In the near term, emissions would almost certainly rise as militaries are some of the world’s largest emitters. Given what we know of human history, though, conflict may be the only way to build the mass social cohesion necessary for undertaking the kind of huge, collective action needed for global sequestration and energy transition. Like the 20th century’s world wars, a nuclear exchange could serve as an economic leveler. It could provide justification for nationalizing energy industries with the interest of shuttering fossil fuel plants and transitioning to renewables and, uh, nuclear energy. It could shock us into reimagining a less suicidal civilization, one that dethrones the death-cult zealots who are currently in power. And it may toss particulates into the atmosphere sufficient to block out some of the solar heat helping to drive global warming. Or it may have the opposite effects. Who knows?
What we do know is that humans can survive and recover from war, probably even a nuclear one. Humans cannot recover from runaway climate change. Nuclear war is not an inevitable extinction event; six degrees of warming is.

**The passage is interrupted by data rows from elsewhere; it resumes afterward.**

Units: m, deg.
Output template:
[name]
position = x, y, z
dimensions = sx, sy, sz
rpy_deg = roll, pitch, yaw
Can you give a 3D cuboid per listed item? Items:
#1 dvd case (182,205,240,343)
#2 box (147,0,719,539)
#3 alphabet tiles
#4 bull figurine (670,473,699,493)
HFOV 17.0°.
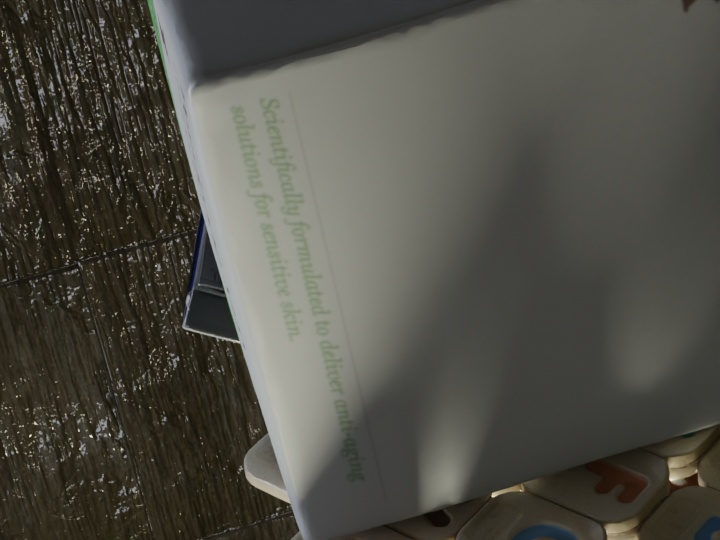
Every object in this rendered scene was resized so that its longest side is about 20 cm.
[dvd case]
position = 0.000, 0.000, 1.063
dimensions = 0.200, 0.149, 0.025
rpy_deg = -90, 16, -70
[box]
position = 0.038, -0.050, 0.850
dimensions = 0.172, 0.199, 0.200
rpy_deg = -114, 10, -54
[alphabet tiles]
position = 0.064, 0.068, 0.865
dimensions = 0.195, 0.200, 0.015
rpy_deg = 21, 135, 33
[bull figurine]
position = 0.126, 0.118, 0.934
dimensions = 0.201, 0.065, 0.121
rpy_deg = 60, -172, 21
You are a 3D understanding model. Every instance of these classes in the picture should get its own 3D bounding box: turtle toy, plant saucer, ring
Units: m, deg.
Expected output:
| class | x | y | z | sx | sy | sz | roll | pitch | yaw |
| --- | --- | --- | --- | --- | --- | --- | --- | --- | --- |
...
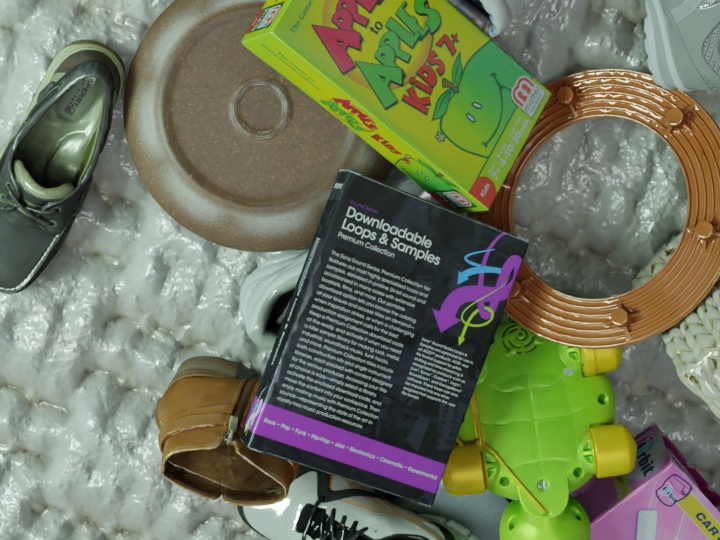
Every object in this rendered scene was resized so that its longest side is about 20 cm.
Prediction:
| class | x | y | z | sx | sy | sz | roll | pitch | yaw |
| --- | --- | --- | --- | --- | --- | --- | --- | --- | --- |
| turtle toy | 0.128 | 0.127 | 1.159 | 0.145 | 0.101 | 0.201 | -7 | 81 | 2 |
| plant saucer | -0.068 | -0.112 | 1.086 | 0.200 | 0.037 | 0.201 | 0 | 93 | -1 |
| ring | 0.165 | -0.045 | 1.092 | 0.200 | 0.019 | 0.201 | -5 | 80 | 27 |

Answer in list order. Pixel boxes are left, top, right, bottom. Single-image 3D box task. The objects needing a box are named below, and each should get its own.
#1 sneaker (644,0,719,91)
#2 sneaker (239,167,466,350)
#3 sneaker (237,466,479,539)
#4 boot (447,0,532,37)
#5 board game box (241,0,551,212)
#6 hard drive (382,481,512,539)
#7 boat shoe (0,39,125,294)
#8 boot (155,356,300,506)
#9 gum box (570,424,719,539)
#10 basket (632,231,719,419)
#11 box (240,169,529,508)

Given that mostly violent, psychopathic individuals manage the governments and industries of the world, it may only be possible for anti-social collective action—that is, war—to halt, or at least slow, our inexorable march toward oblivion. A courageous, benevolent ruler might compel vast numbers of people to collective action. But we have too few of those, and the legal, political, and military barriers preventing them from rising are immense. Our current crop of villainous presidents, prime ministers, and CEOs, whether lusting for chaos or pursuing their own petty ends, may inadvertently conspire to break the machine now preventing our future. When so bereft of heroes, we may need to rely on humanity’s antagonists and their petty incompetence to accidentally save the day. It is a stark reflection of how homicidal our economy is—and our collective adherence to its whims—that nuclear war could be a rational course of action.
Or, ya know, we could just stop using fossil fuels.
Samuel Miller McDonald is a writer and geography PhD student at University of Oxford studying the intersection of grassroots movements and energy transition.